Robust Long-Context Multilingual Retrieval and Reasoning Enabled by Combined Neural and Symbolic Techniques

Tracking #: 882-1891

Flag : Review Received

Authors:

Sina Bagheri Nezhad

Ameeta Agrawal

Responsible editor:

Guest Editors NeSy 2025

Submission Type:

Article in Special Issue (note in cover letter)

Full PDF Version:

nai-paper-882.pdf

Cover Letter:

Dear Editors, Please consider our manuscript, "Robust Long-Context Multilingual Retrieval and Reasoning Enabled by Combined Neural and Symbolic Techniques," for the NAI Journal’s special issue of extended papers from the 19th International Conference on Neurosymbolic Learning and Reasoning (NeSy 2025). This work substantially extends our NeSy 2025 paper, "Enhancing large language models with neurosymbolic reasoning for multilingual tasks." In line with the special issue guidelines, we provide several major contributions: - Formalization of CROSS: A complete introduction of the CROSS framework, only preliminarily outlined in the conference version. - Expanded Evaluation: A rigorous bidirectional cross-lingual assessment across 49 language pairs and seven languages. - New Benchmark (mLongRR-V2): Enriched with greater linguistic diversity, new retrieval and reasoning tasks, and stronger evaluation of cross-lingual performance. - Comprehensive Analysis: Detailed 1-needle and 3-needle protocols showing up to 92% retrieval accuracy and a fivefold reduction in reasoning failures. These additions deliver deeper insights, broader evaluation, and significant new contributions beyond the conference paper. The submission fully complies with author guidelines and cites the original publication. Thank you for your consideration. We look forward to your response. Sincerely, Sina Bagheri Nezhad and Ameeta Agrawal Portland State University

Approve Decision:

Approved

Revised Version:

Robust Long-Context Multilingual Retrieval and Reasoning Enabled by Combined Neural and Symbolic Techniques

Tags:

Reviewed

Decision:
Minor Revision

Solicited Reviews:

Review #1 submitted on 16/Nov/2025

By Kai-Uwe Kühnberger
Review Details

Reviewer has chosen not to be Anonymous

Overall Impression: Good

Content:
Technical Quality of the paper: Good
Originality of the paper: Yes
Adequacy of the bibliography: Yes, but see detailed comments

Presentation:
Adequacy of the abstract: Yes
Introduction: background and motivation: Good
Organization of the paper: Satisfactory
Level of English: Satisfactory
Overall presentation: Good

Detailed Comments:

The paper „Robust Long-Context Multilingual Retrieval and Reasoning Enabled by Combined Neural and Symbolic Techniques“ attempts to address challenges for LLMs concerning multilingual information retrieval and reasoning over long multilingual contexts. The paper proposes a neural-symbolic framework that integrates multilingual information retrieval and symbolic reasoning. The retrieval process is based on “Cross-lingual Retrieval Optimized for Scalable Solutions” (CROSS) whereas the reasoning process uses “Neuro-Symbolic Augmented Reasoning” (NSAR) which produces executable Python code for reasoning tasks.
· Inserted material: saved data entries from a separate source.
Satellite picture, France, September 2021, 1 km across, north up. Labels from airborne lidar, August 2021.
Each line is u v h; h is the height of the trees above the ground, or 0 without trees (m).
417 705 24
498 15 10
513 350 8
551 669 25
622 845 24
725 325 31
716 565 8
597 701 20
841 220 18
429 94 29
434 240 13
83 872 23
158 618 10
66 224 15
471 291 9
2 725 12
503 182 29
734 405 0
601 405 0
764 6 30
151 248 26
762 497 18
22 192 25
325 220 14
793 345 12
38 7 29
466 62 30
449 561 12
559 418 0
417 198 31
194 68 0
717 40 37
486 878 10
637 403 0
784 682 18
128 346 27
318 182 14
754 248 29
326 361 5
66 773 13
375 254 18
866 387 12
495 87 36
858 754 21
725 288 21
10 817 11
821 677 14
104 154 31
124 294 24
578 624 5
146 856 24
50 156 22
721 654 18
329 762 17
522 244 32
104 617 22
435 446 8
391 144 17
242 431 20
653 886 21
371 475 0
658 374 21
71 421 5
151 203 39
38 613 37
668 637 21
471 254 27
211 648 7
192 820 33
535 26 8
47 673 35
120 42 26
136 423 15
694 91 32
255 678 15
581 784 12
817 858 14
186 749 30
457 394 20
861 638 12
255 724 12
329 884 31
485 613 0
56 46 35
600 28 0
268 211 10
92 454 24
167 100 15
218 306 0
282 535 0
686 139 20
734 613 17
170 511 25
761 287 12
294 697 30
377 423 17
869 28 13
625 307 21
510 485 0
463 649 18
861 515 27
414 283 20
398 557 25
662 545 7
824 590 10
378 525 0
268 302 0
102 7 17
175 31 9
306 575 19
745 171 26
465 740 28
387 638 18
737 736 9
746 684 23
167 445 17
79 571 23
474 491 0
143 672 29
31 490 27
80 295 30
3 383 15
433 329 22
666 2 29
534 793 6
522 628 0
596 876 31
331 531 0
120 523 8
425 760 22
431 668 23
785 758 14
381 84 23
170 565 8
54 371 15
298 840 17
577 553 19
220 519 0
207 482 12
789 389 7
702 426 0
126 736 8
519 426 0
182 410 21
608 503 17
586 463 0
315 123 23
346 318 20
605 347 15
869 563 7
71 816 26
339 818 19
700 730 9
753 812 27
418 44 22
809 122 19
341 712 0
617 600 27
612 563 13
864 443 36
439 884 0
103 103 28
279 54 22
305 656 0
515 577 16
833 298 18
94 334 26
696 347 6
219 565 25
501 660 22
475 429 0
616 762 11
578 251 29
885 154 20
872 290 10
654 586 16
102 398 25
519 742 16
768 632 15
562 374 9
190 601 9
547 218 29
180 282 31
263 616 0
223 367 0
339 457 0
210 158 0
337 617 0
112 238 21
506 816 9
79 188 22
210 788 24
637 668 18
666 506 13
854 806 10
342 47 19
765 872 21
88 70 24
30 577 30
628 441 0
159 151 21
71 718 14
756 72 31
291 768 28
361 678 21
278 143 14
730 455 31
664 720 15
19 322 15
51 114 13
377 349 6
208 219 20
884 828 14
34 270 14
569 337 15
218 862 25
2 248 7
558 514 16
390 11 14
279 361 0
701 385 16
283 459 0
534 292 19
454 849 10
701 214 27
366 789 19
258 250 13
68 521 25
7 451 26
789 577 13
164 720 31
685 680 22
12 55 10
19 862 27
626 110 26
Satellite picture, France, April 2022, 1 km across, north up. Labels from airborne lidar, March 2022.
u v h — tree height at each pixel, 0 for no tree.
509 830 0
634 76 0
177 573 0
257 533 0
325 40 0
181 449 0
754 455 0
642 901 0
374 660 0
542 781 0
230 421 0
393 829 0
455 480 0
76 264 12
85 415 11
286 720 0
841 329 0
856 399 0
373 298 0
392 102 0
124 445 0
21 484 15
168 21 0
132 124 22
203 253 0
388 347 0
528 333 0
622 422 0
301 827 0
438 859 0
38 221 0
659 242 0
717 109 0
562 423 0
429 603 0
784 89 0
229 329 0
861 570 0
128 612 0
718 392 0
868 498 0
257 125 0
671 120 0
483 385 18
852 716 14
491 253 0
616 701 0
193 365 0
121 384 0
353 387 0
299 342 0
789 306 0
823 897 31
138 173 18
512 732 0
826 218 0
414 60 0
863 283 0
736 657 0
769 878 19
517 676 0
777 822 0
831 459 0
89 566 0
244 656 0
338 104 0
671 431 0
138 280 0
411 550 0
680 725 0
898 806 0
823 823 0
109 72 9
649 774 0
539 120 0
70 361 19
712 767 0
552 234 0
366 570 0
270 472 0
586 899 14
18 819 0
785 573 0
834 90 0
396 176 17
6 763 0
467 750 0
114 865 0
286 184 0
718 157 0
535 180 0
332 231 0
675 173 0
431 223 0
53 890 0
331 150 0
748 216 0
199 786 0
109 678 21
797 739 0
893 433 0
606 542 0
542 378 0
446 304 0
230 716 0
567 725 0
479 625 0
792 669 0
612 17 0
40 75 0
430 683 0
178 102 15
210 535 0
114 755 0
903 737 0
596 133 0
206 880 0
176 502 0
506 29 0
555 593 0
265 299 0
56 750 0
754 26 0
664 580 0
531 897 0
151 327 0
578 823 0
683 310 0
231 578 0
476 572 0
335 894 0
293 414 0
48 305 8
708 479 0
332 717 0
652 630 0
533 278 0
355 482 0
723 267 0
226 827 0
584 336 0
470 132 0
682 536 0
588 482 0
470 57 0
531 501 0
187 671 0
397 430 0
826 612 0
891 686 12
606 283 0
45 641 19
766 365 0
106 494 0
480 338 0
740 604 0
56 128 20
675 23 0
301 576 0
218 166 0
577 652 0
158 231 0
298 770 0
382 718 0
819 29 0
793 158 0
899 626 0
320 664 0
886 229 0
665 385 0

The proposed architecture is essentially hybrid. The NSAR module used for reasoning is based on an LLM to retrieve relevant facts from a given context, to represent these facts in a structured form FACT(entity,attribute,value), and to generate Python code to compute the answer. The underlying attributive logic is very weak and probably not appropriate to address many real-world problems, where complex relational structures need to be considered. It would be interesting whether a more expressive logical framework can simply be plugged-in or would generate challenges for the approach. For example, complex reasoning can be expensive (questioning the cost-efficiency of the proposed approach), complex relational structures could challenge the RAG framework bge-m3, translating structured knowledge into Python code could be more error-prone etc. Nevertheless, the paper is an interesting step to identify relevant facts in tasks with large contexts.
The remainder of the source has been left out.